# Ride to Montauk: Babylon crash



## tednugent (Apr 26, 2010)

Anyone get a glimpse of the crash just after the Babylon start? I was in front of it and heard a loud snap and out of the corner of my eye, saw a guy go endo....

anymore details from other eyewitnesses?


----------



## kristin248 (Oct 19, 2010)

That crash would be mine. Thanks for asking about it. 

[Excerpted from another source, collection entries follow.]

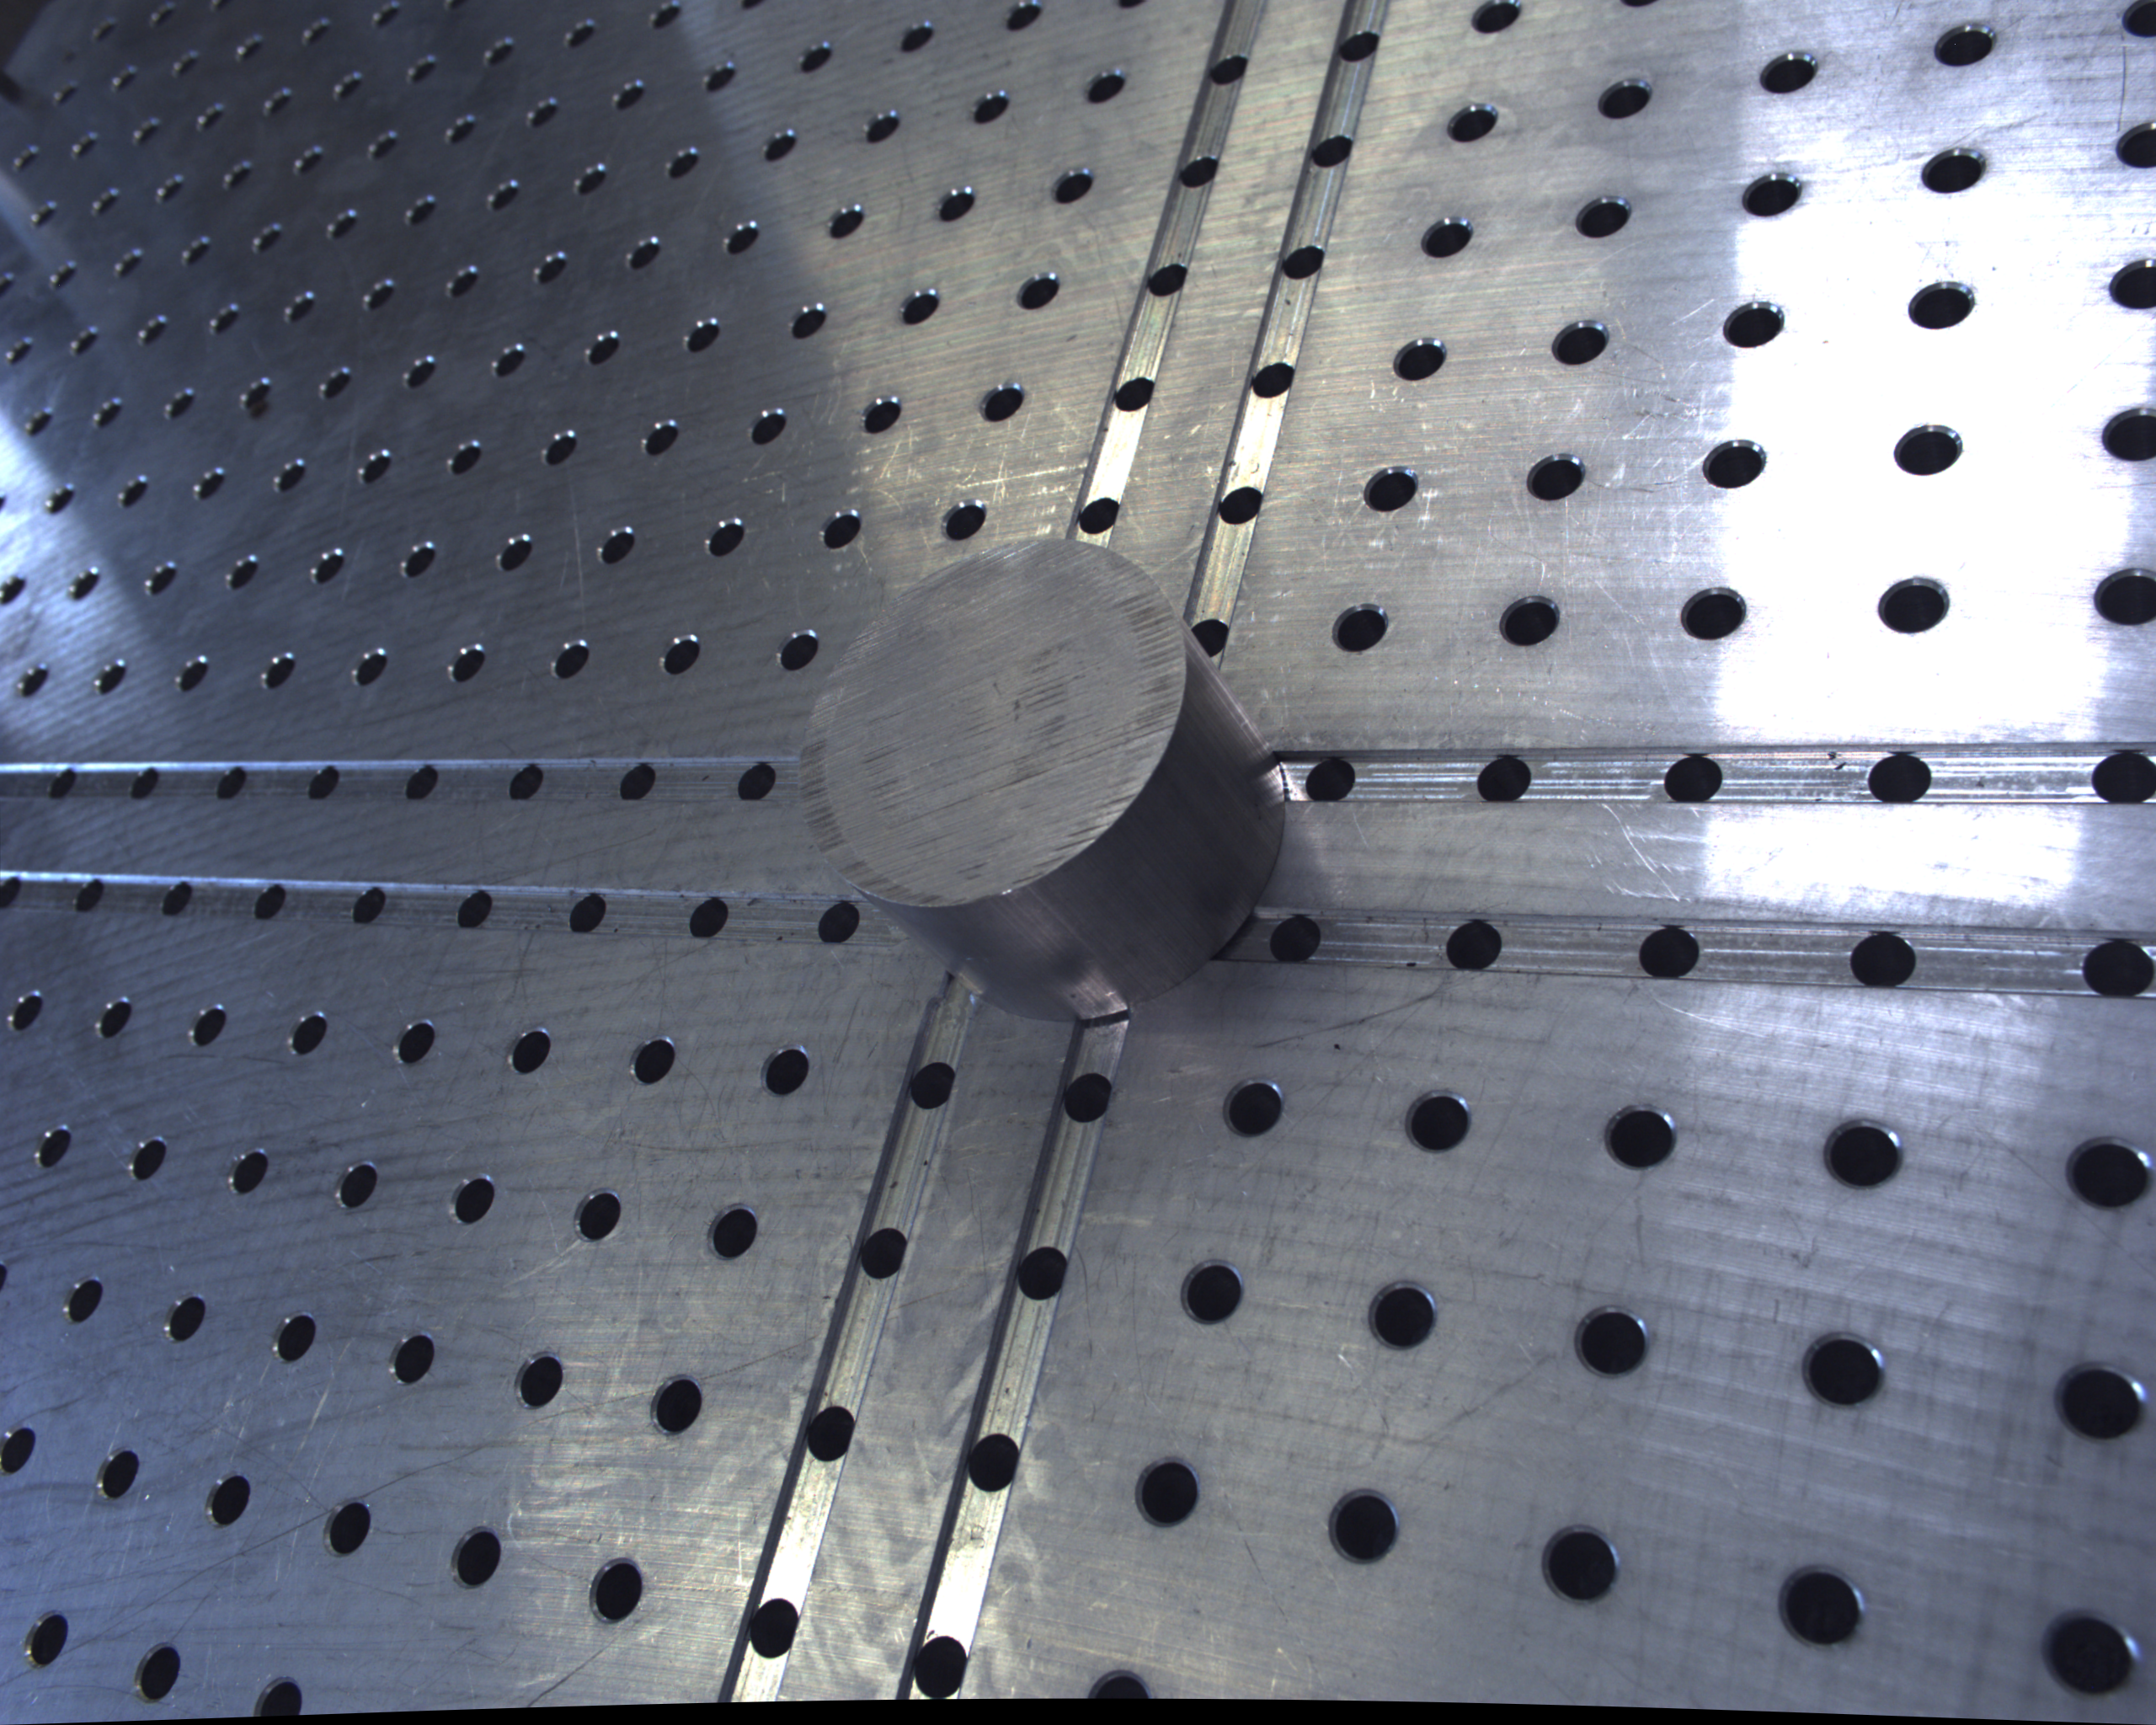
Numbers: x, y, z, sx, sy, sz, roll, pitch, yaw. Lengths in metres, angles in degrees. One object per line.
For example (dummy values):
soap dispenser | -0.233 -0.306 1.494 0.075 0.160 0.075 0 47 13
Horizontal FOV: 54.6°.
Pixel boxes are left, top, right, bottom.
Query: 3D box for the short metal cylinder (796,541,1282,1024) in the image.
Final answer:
short metal cylinder | -0.007 -0.015 0.406 0.080 0.050 0.080 -13 56 21
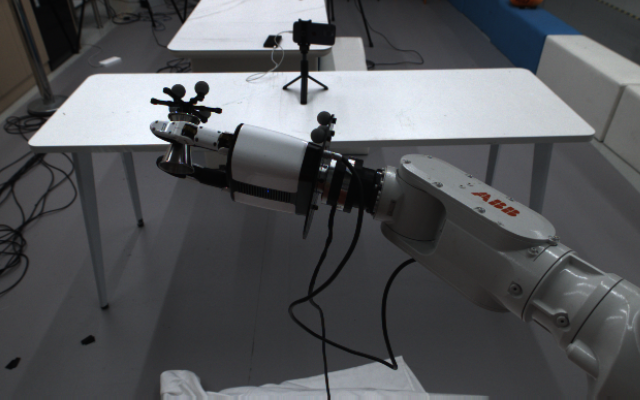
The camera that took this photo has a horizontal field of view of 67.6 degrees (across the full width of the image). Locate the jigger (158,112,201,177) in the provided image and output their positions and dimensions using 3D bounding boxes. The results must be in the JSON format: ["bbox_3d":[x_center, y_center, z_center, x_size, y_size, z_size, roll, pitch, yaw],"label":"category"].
[{"bbox_3d":[-0.176,-0.071,0.609,0.043,0.043,0.071,4,75,2],"label":"jigger"}]
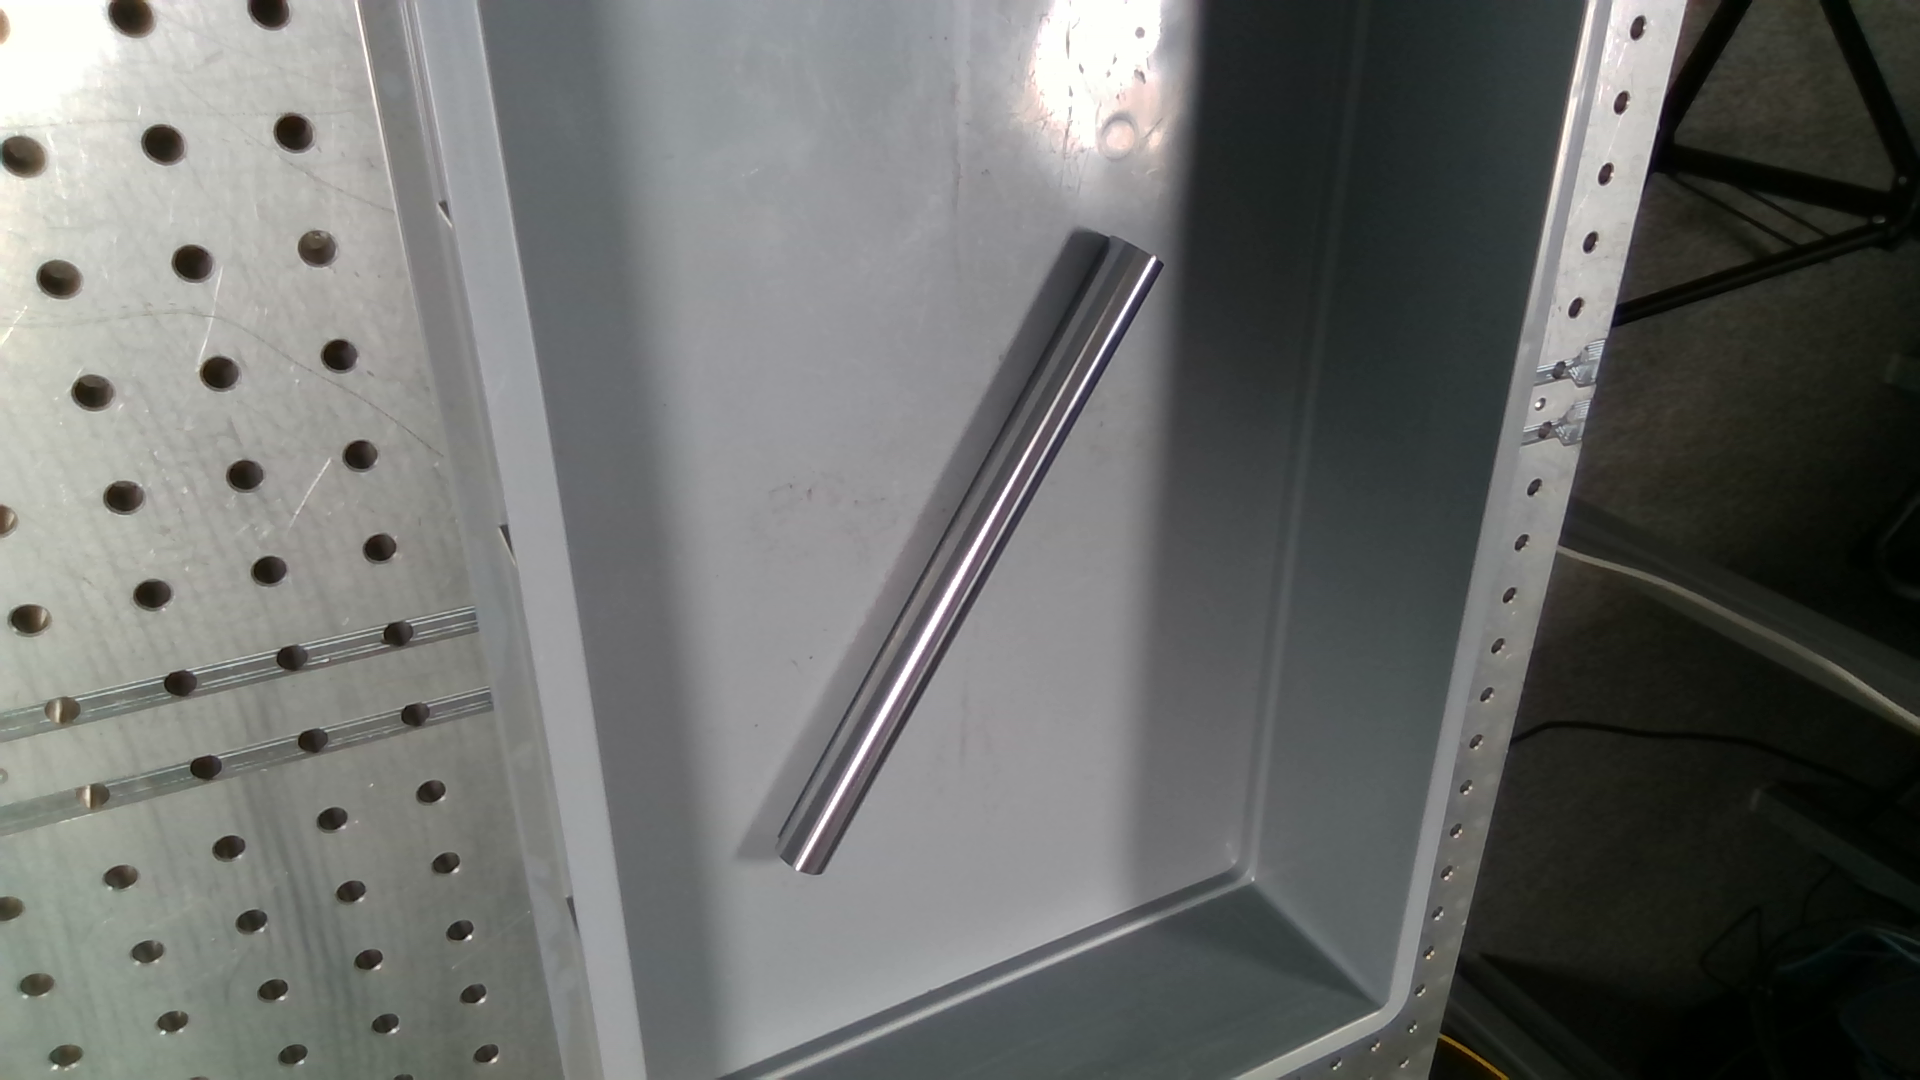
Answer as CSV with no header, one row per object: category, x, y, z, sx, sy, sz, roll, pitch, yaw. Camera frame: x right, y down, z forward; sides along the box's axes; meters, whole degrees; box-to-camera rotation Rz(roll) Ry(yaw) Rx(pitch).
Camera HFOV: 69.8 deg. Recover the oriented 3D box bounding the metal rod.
metal rod,0.000,0.011,0.585,0.025,0.025,0.300,21,103,-37

Stupidly trying to fix my bike computer as I was riding and my foot slipped and went into the wheel. I went right over the handlebars and landed on my head and face. The helmet was flattened and cracked - saved my life. Had to have my lip reconstructed with a skin graft. Lost some teeth and bone in my gums which is all in the process of getting fixed. And also had a spinal concussion and nerve damage in my hands. Was in the hospital for a week and recovering at home for 2 months. Freak accident. 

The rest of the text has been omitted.